Now, I understand why these two functions differ in efficiency. The strcmp compares strings, while memcmp compares memory blocks, strcmp needs to always check whether the string ends with 0 characters, while memcmp does not have to worry about this issue. Another difference is that
Strcmp compares four bytes by byte, while memcmp uses string comparison commands. It is better to use string comparison commands than byte comparison, I don't know why strcmp is not used when comparing four bytes. It seems that memcmp can be used to implement the strncmp function.
The legacy problems include memory-byte alignment, mov edi, edi, and nop commands. Hand it over.

Contact Us

The content source of this page is from Internet, which doesn't represent Alibaba Cloud's opinion; products and services mentioned on that page don't have any relationship with Alibaba Cloud. If the content of the page makes you feel confusing, please write us an email, we will handle the problem within 5 days after receiving your email.
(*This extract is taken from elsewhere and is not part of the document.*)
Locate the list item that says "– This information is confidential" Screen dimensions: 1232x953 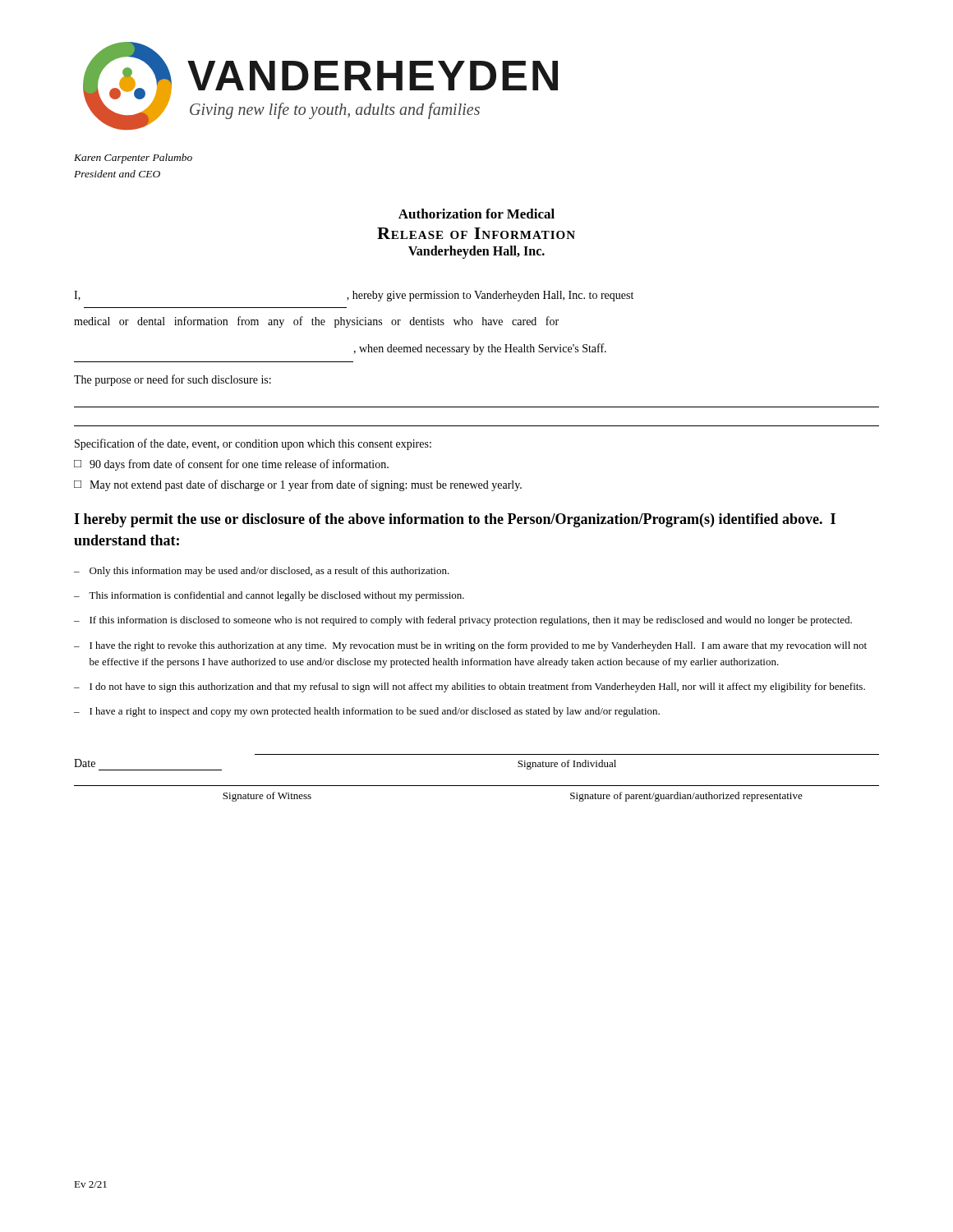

If you find any instances of plagiarism from the community, please send an email to: info-contact@alibabacloud.com and provide relevant evidence. A staff member will contact you within 5 working days.

A Free Trial That Lets You Build Big!

Start building with 50+ products and up to 12 months usage for Elastic Compute Service

  • Sales Support

    1 on 1 presale consultation

  • After-Sales Support

    24/7 Technical Support 6 Free Tickets per Quarter Faster Response

  • Alibaba Cloud offers highly flexible support services tailored to meet your exact needs.